== Task data

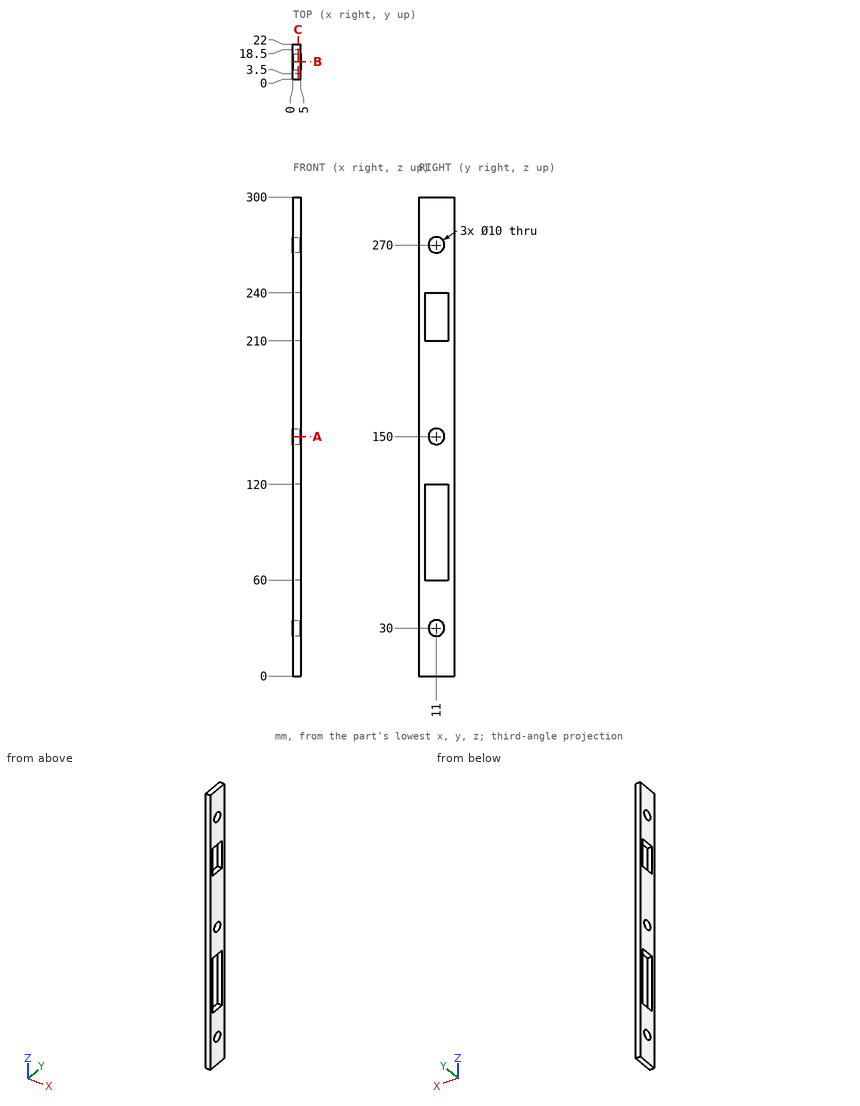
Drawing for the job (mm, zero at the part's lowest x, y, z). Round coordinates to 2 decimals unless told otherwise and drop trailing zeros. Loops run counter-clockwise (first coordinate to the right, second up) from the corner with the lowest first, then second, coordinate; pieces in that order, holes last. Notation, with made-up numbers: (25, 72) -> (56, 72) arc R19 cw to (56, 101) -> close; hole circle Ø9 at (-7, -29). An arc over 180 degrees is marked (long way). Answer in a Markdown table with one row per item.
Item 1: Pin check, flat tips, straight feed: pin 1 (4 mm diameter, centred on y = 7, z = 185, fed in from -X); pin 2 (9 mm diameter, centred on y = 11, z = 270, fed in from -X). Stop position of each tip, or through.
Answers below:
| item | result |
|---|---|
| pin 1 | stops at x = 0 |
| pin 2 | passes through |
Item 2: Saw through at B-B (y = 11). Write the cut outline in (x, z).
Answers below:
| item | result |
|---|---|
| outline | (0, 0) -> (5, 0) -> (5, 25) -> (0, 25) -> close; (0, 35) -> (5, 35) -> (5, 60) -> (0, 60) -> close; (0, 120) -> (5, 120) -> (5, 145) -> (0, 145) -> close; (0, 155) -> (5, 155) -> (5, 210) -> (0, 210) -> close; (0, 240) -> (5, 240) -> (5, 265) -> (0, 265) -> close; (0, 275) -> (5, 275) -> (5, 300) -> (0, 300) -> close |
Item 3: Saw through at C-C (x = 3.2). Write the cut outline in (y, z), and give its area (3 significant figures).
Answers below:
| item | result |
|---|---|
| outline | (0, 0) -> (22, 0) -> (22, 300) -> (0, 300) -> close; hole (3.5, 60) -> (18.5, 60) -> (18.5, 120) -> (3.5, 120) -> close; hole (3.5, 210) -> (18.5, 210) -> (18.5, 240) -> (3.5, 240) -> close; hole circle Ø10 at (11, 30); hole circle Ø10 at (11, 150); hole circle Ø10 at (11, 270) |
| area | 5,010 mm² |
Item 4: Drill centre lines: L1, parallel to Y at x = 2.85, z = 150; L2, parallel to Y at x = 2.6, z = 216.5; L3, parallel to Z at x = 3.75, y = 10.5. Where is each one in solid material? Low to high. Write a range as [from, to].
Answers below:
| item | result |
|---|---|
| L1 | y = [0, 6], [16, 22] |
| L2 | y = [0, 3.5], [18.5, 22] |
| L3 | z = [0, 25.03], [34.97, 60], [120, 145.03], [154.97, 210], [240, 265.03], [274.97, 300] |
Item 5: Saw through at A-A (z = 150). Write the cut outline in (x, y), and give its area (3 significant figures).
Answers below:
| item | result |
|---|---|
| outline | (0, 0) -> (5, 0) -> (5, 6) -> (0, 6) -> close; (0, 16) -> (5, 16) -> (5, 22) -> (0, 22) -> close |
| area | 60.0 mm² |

====

▸ **Task instructions**:
Write out every line from the data above that includes "figures".

▸ **Solution for this task**:
Item 3: Saw through at C-C (x = 3.2). Write the cut outline in (y, z), and give its area (3 significant figures).
Item 5: Saw through at A-A (z = 150). Write the cut outline in (x, y), and give its area (3 significant figures).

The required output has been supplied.